MW: I think everybody’s interested in creating stronger visual material to be put out into the world. Having those photos on a white background for your portfolio or your website – it’s going above and beyond that and making better images that people can see and experience through social media. I don’t know how well I actually do that, but I’m interested in it.

 

LB: I think there’s this opportunity for art jewellery to live different lives. Think about if you borrow something from your mom or your sister, the way you’re wearing it and embodying it is so different than they did. So even just being responsive of – whether it’s the exhibition space or the medium of how it’s displayed online versus Instagram versus website – because we also did different things for IG and the website, because one thing didn’t necessarily work as well for the other. It’s really exciting and I certainly hope it keeps going further.

KR: Yes, who is do say which version of the work is more authentic than another. I think both of these projects are super singular and edited very well. I hope people notice and carry on, because not everything you put on the Internet is necessarily ‘art’ or an ‘exhibition’… What do you think the difference is between a series of photos and say, an online exhibition?

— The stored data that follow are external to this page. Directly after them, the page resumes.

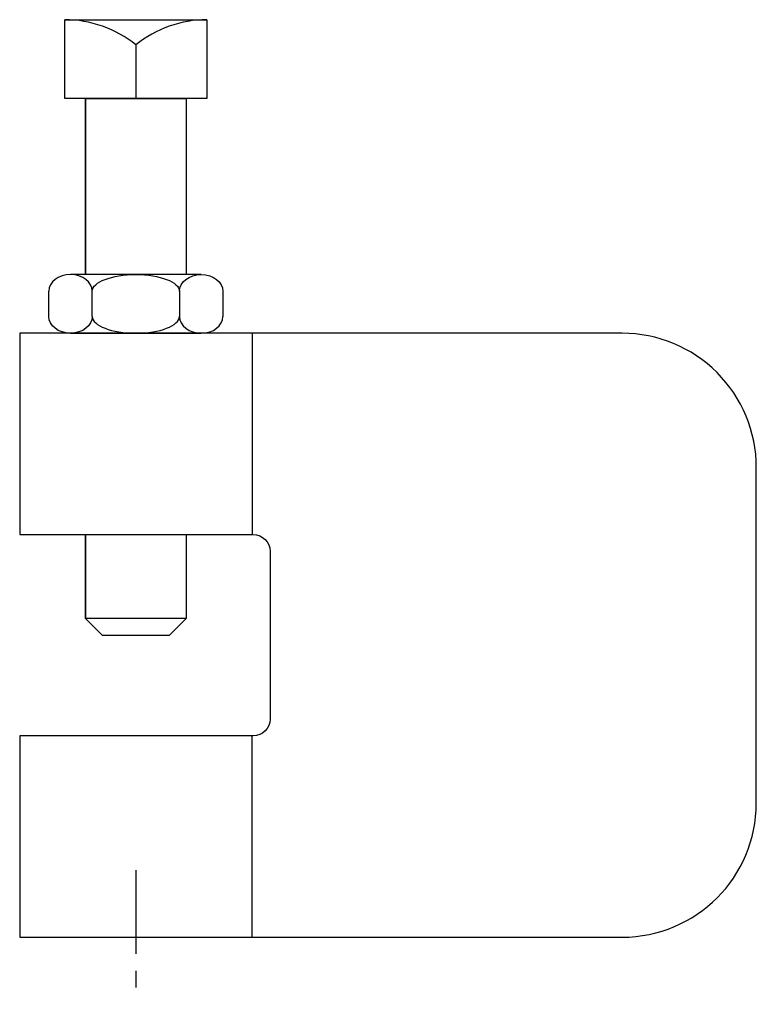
# Model space of a CAD drawing. Extents: x 12 to 204, y 11 to 268.
import ezdxf

# ---------------------------------------------------------------- set-up
doc = ezdxf.new("R2010")
doc.units = 0
doc.header["$MEASUREMENT"] = 0
doc.linetypes.add('AI9-LTYPE1', pattern=[35.103166, 21.939478, -4.387896, 4.387896, -4.387896])
doc.layers.get('0').update_dxf_attribs({"linetype": 'CONTINUOUS'})

msp = doc.modelspace()

# ---------------------------------------------------------------- linework, layer by layer
at = {"color": 7}
for p, q in [((28.81, 247.88), (28.81, 201.81)), ((55.14, 247.88), (55.14, 201.81)), ((59.07, 201.81), (24.87, 201.81)), ((19.17, 190.84), (19.17, 197.42)), ((30.57, 190.84), (30.57, 197.42)), ((53.37, 197.42), (53.37, 190.84)), ((64.77, 197.42), (64.77, 190.84)), ((24.87, 186.45), (59.07, 186.45)), ((72.37, 186.45), (72.37, 133.8)), ((28.81, 133.8), (28.81, 111.86)), ((55.14, 133.8), (55.14, 111.86)), ((72.37, 28.49), (72.37, 81.14))]:
    msp.add_line(p, q, dxfattribs=at)
at = {"color": 253, "linetype": 'AI9-LTYPE1'}
msp.add_line((41.97, 46.04), (41.97, 10.94), dxfattribs=at)
at = {"color": 7}
for points in [[(55.14, 201.81), (28.81, 201.81), (28.81, 247.88), (55.14, 247.88)], [(55.14, 111.86), (28.81, 111.86), (28.81, 133.8), (55.14, 133.8)], [(55.14, 111.86), (28.81, 111.86), (33.2, 107.47), (50.75, 107.47)]]:
    msp.add_lwpolyline(points, close=True, dxfattribs=at)
msp.add_open_spline([(41.97, 261.87), (36.71, 266.13), (30.14, 268.45), (23.37, 268.45)], degree=3, dxfattribs=at)
for points, knots in [([(60.58, 268.45), (60.58, 268.45), (60.58, 247.88), (60.58, 247.88), (60.58, 247.88), (23.37, 247.88), (23.37, 247.88), (23.37, 247.88), (23.37, 268.45), (23.37, 268.45), (23.37, 268.45), (60.58, 268.45), (60.58, 268.45), (53.81, 268.45), (47.24, 266.13), (41.97, 261.87), (41.97, 261.87), (41.97, 247.88), (41.97, 247.88)], [0, 0, 0, 0, 1, 1, 1, 2, 2, 2, 3, 3, 3, 4, 4, 4, 5, 5, 5, 6, 6, 6, 6]), ([(30.57, 197.42), (30.57, 199.84), (28.02, 201.81), (24.87, 201.81), (21.73, 201.81), (19.17, 199.84), (19.17, 197.42)], [0, 0, 0, 0, 1, 1, 1, 2, 2, 2, 2]), ([(30.57, 197.42), (30.57, 199.84), (35.68, 201.81), (41.97, 201.81), (48.27, 201.81), (53.37, 199.84), (53.37, 197.42)], [0, 0, 0, 0, 1, 1, 1, 2, 2, 2, 2]), ([(53.37, 197.42), (53.37, 199.84), (55.93, 201.81), (59.07, 201.81), (62.22, 201.81), (64.77, 199.84), (64.77, 197.42)], [0, 0, 0, 0, 1, 1, 1, 2, 2, 2, 2]), ([(30.57, 190.84), (30.57, 188.42), (28.02, 186.45), (24.87, 186.45), (21.73, 186.45), (19.17, 188.42), (19.17, 190.84)], [0, 0, 0, 0, 1, 1, 1, 2, 2, 2, 2]), ([(30.57, 190.84), (30.57, 188.42), (35.68, 186.45), (41.97, 186.45), (48.27, 186.45), (53.37, 188.42), (53.37, 190.84)], [0, 0, 0, 0, 1, 1, 1, 2, 2, 2, 2]), ([(53.37, 190.84), (53.37, 188.42), (55.93, 186.45), (59.07, 186.45), (62.22, 186.45), (64.77, 188.42), (64.77, 190.84)], [0, 0, 0, 0, 1, 1, 1, 2, 2, 2, 2]), ([(204.33, 151.35), (204.33, 151.35), (204.33, 63.59), (204.33, 63.59), (204.33, 44.2), (188.61, 28.49), (169.22, 28.49), (169.22, 28.49), (11.57, 28.49), (11.57, 28.49), (11.57, 28.49), (11.57, 81.14), (11.57, 81.14), (11.57, 81.14), (72.69, 81.14), (72.69, 81.14), (75.11, 81.14), (77.08, 83.11), (77.08, 85.53), (77.08, 85.53), (77.08, 129.41), (77.08, 129.41), (77.08, 131.83), (75.11, 133.8), (72.69, 133.8), (72.69, 133.8), (11.57, 133.8), (11.57, 133.8), (11.57, 133.8), (11.57, 186.45), (11.57, 186.45), (11.57, 186.45), (169.22, 186.45), (169.22, 186.45), (178.53, 186.45), (187.46, 182.75), (194.04, 176.17), (200.63, 169.59), (204.33, 160.66), (204.33, 151.35)], [0, 0, 0, 0, 1, 1, 1, 2, 2, 2, 3, 3, 3, 4, 4, 4, 5, 5, 5, 6, 6, 6, 7, 7, 7, 8, 8, 8, 9, 9, 9, 10, 10, 10, 11, 11, 11, 12, 12, 12, 13, 13, 13, 13])]:
    msp.add_open_spline(points, degree=3, knots=knots, dxfattribs=at)

doc.saveas('drawing.dxf')

SRB: We definitely had a conversation about how we were to elevate this [project]. Everyone and their mom suddenly has an online gallery. That’s been in the back of our minds, thinking about how do we – I’m going to use a dirty word – ‘brand’ In-School Suspension, and then how do we separate Homeroom from that, roll them out in different ways, and hype them in different ways and distinguish them? We spent our whole budget on these photos, we were not going to be putting them on Instagram before Jewellery Week launched. We were really mindful. No one gets to see this shit beforehand. Even when we had a catalog [for In-School] – we thought if you were publishing those same photos on IG, who is going to buy the catalog? We’re trying to cultivate exclusivity, because you just can’t have it all. Otherwise, it’s just not that special.

 

Snaps from pages of the In-School catalog

Visit JV Collective’s two exhibitions on their website: www.jv-collective.com

 

The full Zoom conversation, which elaborates on the group’s working dynamic, feeling connected, and more about their individual work is available for view on Current Obsession’s YouTube channel: 

 

 

Glossary of terms:

 

Homecoming: An American high school tradition that takes place in the fall during football season, on the last home game of the year. Homecoming king and queen are usually announced there, or at the school dance that takes place that weekend, which is similar to prom.

 

Home game: when a football game takes place at your own school, on your own turf;  an ‘away game’ rather takes place at another high school.

 

Homeroom: In middle and high school, homeroom is the first class of the day that takes place everyday with the same teacher, and doesn’t necessarily have a specific subject matter. The regular school day commences after.

 

 

 

 

 

In-School Suspension: when you get in trouble, like for skipping class, are late to class too many times, or are disruptive in class, the typical punishment is either detention (an after school session where you sit in a classroom in silence, sometimes with your head down, and not allowed to do anything until it’s over); or an in-school suspension, which is a faculty supervised type of punishment that ensures you’re still participating in some kind of academic activity but are isolated from other students. An at home suspension means you are not allowed to come to campus at all anywhere from a day or two to a week or so.

 

dELiA*s: The dELiA*s catalog was an iconic clothing and accessories magazine where most American adolescents did their first catalog shopping. It was characterized by laid back, late 90s/early 2000’s fashion with quippy quotes and would-you-rather questions lining each page.

This text interview is an edited version of the call that took place in April of 2021, with the exception of Maria Eife who sadly couldn’t make it!

 

The JV Collective was founded in 2016. They are a group of seven art jewellers that is anchored in Philadelphia but national in scope. We are friends, makers, mothers, facilitators and educators.